Work required —
Only the images are to be dropped; the records themselves must be repeated exactly.

Records from a data source —
────────
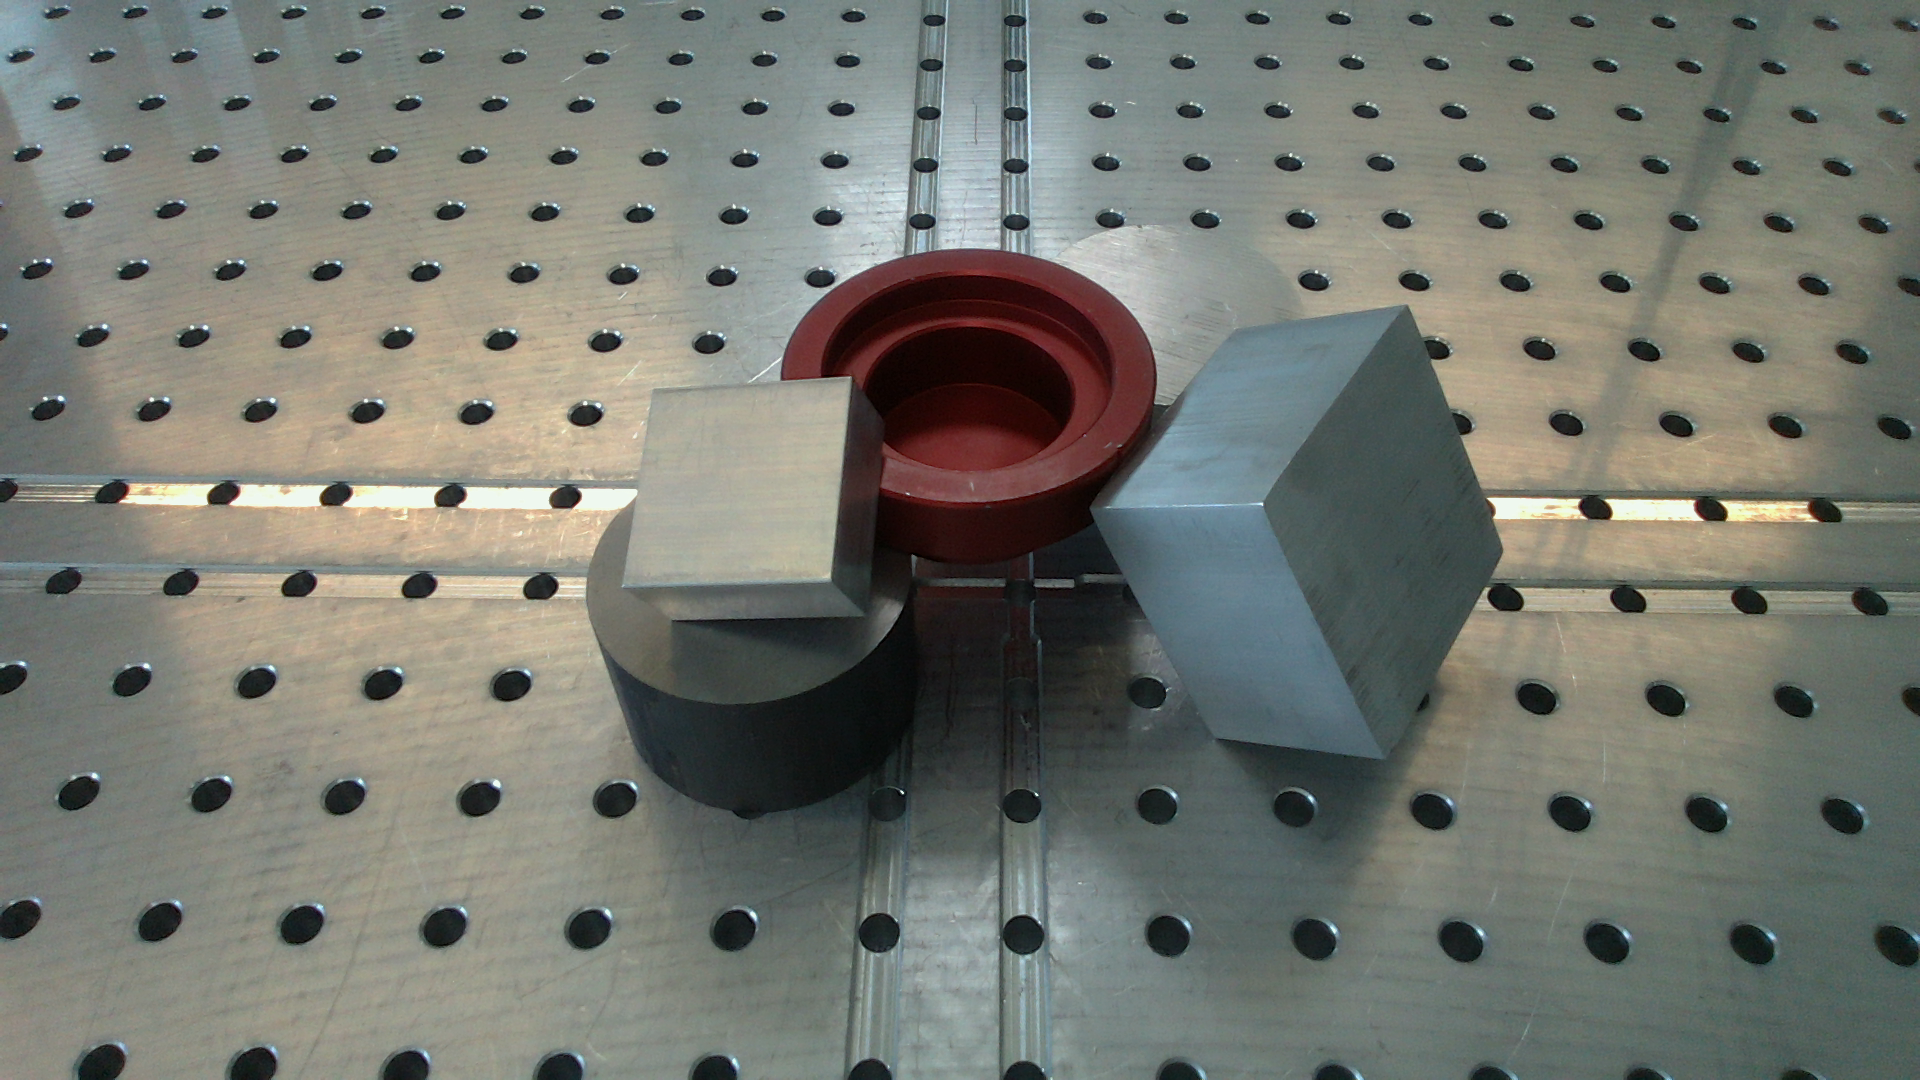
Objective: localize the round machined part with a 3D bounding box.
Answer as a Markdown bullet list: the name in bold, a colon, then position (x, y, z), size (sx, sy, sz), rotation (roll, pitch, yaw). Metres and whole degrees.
- **round machined part**: position (0.002, -0.033, 0.372), size (0.098, 0.042, 0.098), rotation (0, 50, 0)

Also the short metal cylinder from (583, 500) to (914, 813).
- **short metal cylinder**: position (-0.052, 0.023, 0.358), size (0.080, 0.050, 0.080), rotation (0, 50, 0)

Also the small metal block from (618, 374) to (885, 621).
- **small metal block**: position (-0.047, -0.009, 0.320), size (0.050, 0.025, 0.050), rotation (-2, 68, 14)

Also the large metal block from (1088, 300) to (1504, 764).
- **large metal block**: position (0.089, -0.002, 0.352), size (0.050, 0.080, 0.080), rotation (-1, 39, 47)

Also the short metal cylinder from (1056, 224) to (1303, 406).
- **short metal cylinder**: position (0.061, -0.052, 0.422), size (0.080, 0.050, 0.080), rotation (0, 50, 0)
────────
Response to this exercise —
Objective: localize the round machined part with a 3D bounding box.
Answer as a Markdown bullet list: the name in bold, a colon, then position (x, y, z), size (sx, sy, sz), rotation (roll, pitch, yaw). Metres and whole degrees.
- **round machined part**: position (0.002, -0.033, 0.372), size (0.098, 0.042, 0.098), rotation (0, 50, 0)

Also the short metal cylinder from (583, 500) to (914, 813).
- **short metal cylinder**: position (-0.052, 0.023, 0.358), size (0.080, 0.050, 0.080), rotation (0, 50, 0)

Also the small metal block from (618, 374) to (885, 621).
- **small metal block**: position (-0.047, -0.009, 0.320), size (0.050, 0.025, 0.050), rotation (-2, 68, 14)

Also the large metal block from (1088, 300) to (1504, 764).
- **large metal block**: position (0.089, -0.002, 0.352), size (0.050, 0.080, 0.080), rotation (-1, 39, 47)

Also the short metal cylinder from (1056, 224) to (1303, 406).
- **short metal cylinder**: position (0.061, -0.052, 0.422), size (0.080, 0.050, 0.080), rotation (0, 50, 0)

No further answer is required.